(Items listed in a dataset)
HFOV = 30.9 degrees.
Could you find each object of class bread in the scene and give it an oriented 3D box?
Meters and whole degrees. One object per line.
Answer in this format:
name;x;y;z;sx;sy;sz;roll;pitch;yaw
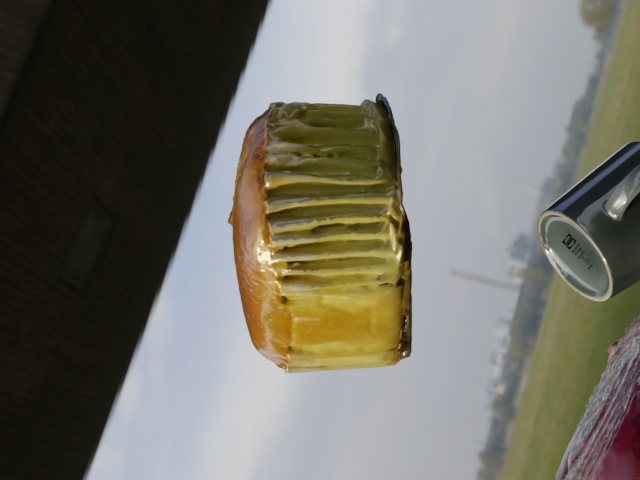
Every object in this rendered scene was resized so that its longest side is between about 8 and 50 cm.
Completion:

§ **ACTION ITEM**: Apart from the images, the entries above must be returned without alteration.

§ **RESPONSE TO THIS EXERCISE**:
HFOV = 30.9 degrees.
Could you find each object of class bread in the scene and give it an oriented 3D box?
Meters and whole degrees. One object per line.
Answer in this format:
name;x;y;z;sx;sy;sz;roll;pitch;yaw
Every object in this rendered scene was resized so that its longest side is between about 8 and 50 cm.
Completion:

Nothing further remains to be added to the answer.